The introductory rate of 13.56 per U.S. dollar caused a notable depreciation of the old Zimbabwean currency, the bond notes, which the central bank permits to circulate until April 26.

However, informal traders reject devalued bond notes, impacting change availability. Commuters now pay one U.S. dollar instead of 50 U.S. cents due to the shortage. Commuter operators demand one U.S. dollar for two passengers, as they refuse bond notes.
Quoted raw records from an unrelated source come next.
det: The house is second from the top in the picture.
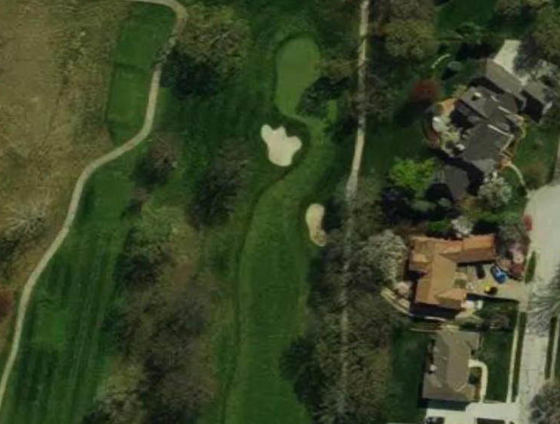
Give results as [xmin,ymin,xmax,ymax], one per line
[410,235,497,311]
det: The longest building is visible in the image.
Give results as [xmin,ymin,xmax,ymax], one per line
[438,53,559,200]
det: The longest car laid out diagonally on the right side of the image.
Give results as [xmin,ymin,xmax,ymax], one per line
[490,266,506,283]
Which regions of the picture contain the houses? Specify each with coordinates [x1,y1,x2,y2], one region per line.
[421,329,482,404]
[410,235,497,311]
[438,53,559,200]
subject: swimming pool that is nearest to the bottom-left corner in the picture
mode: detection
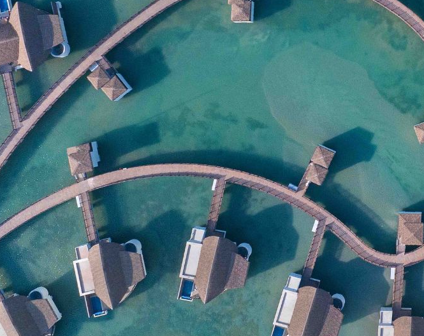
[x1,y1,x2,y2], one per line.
[88,291,109,316]
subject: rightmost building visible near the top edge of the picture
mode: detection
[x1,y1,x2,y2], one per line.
[228,0,256,23]
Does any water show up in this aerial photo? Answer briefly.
Yes
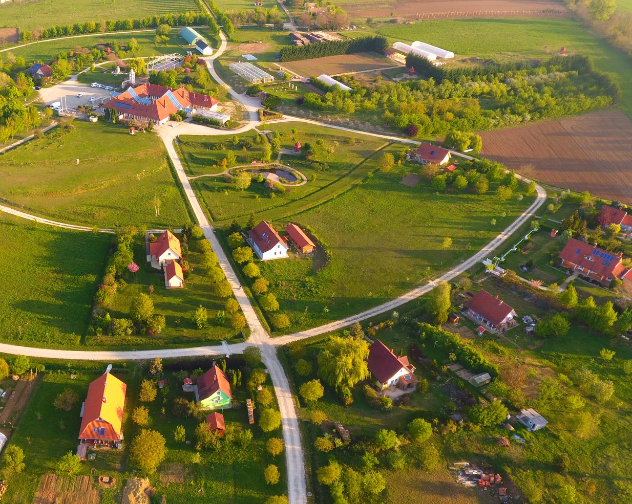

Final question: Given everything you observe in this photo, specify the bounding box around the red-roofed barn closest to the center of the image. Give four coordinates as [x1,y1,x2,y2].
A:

“It’s not always the case that I find someone to pair with. In most instances, I am paying one U.S. dollar per trip and this means that I am going to fork out much more on transport this month than I had previously budgeted prior to the introduction of the ZiG,” said Takemore Tera, a Harare commuter.

Around 80 percent of business transactions in the country are already in U.S. dollars. Mushayavanhu aims for ZiG to bring stability and address the currency crisis.
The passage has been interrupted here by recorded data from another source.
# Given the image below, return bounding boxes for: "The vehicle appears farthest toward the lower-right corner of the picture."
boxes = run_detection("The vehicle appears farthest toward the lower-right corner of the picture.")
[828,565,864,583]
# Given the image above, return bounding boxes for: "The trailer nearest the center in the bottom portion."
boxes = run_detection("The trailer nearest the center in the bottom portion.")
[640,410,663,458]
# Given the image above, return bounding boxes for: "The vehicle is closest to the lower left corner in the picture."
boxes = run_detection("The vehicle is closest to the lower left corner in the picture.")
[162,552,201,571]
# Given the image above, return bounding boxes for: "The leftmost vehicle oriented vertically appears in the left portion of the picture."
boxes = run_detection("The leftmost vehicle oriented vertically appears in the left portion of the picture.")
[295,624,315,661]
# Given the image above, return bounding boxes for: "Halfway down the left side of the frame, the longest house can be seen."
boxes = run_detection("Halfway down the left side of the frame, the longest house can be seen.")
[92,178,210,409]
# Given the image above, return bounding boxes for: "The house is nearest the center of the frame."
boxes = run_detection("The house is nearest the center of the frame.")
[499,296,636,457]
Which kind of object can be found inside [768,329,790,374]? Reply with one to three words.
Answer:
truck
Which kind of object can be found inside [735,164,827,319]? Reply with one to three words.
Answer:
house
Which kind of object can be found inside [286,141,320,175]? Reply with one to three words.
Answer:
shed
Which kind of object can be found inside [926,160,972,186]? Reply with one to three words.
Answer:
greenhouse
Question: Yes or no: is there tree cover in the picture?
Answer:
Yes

He pledges to adhere to the central bank’s constitutional mandate, avoiding quasi-fiscal activities to prevent inflation and exchange rate instability. He expressed concerns that the ZiG’s appreciation against the U.S. dollar might lead to deflation, as strengthening currency may deter price hikes.

Since abandoning its local dollar in 2009 for a multi-currency system, Zimbabwe has faced persistent high inflation and currency woes. Many Zimbabweans are indifferent about the ZiG and question its potential success compared to the failed bond notes.

Investment banker Nigel Chanakira, speaking on state radio, believes the new central bank governor deserves a chance to revive the local currency. Success will be measured by whether Mushayavanhu can restore public preference and confidence in ZiG over the U.S. dollar.

“Change is here with the new currency. We must give the new governor a fighting chance,” Chanakira stated, addressing public doubts about the governor’s ability to handle the currency crisis.

He emphasized the need for measures to gradually promote ZiG’s use, aiming for a return to a single currency by 2030.

Mushayavanhu plans to boost demand for ZiG by mandating companies to settle half of their taxes on Quarterly Payment Dates in ZiG. He anticipates increased ZiG demand in the second half of the year as companies pay half of their quarterly taxes in ZiG. This move aims to reduce U.S. dollar usage in the economy from 80 to 70 percent by year-end.

Mushayavanhu expects a U.S. dollar to ZiG ratio of 60:40 next year, and 50:50 the following year, indicating growing acceptance.

Finance Minister Mthuli Ncube plans targeted policy interventions to bolster ZiG usage, including specifying fees and taxes payable in ZiG. He also aims to designate certain services purchasable in ZiG to boost local currency demand.

He said the new currency and the cut in interest rates from 130 percent to 20 percent were part of the broader measures towards the country’s long-term de-dollarization agenda.

Economist Brains Muchemwa is optimistic about the new currency.

“With the right safeguards, curtailing unproductive money supply growth and the government taking a leading role in supporting widespread demand of the new currency, stabilizing the ZiG exchange rate shouldn’t be a big task,” he told Xinhua.

Nyasha Kaseke, another economist, told Xinhua that ZiG may be the panacea to Zimbabwe’s currency crisis if the economy increases its demand for ZiG.

“The government should lead in making sure that fuel is priced in ZiG and is bought using ZiG. Let’s create demand for our ZiG currency for it to have value,” said Kaseke, who is also the director of the Faculty of Business Studies at the University of Zimbabwe.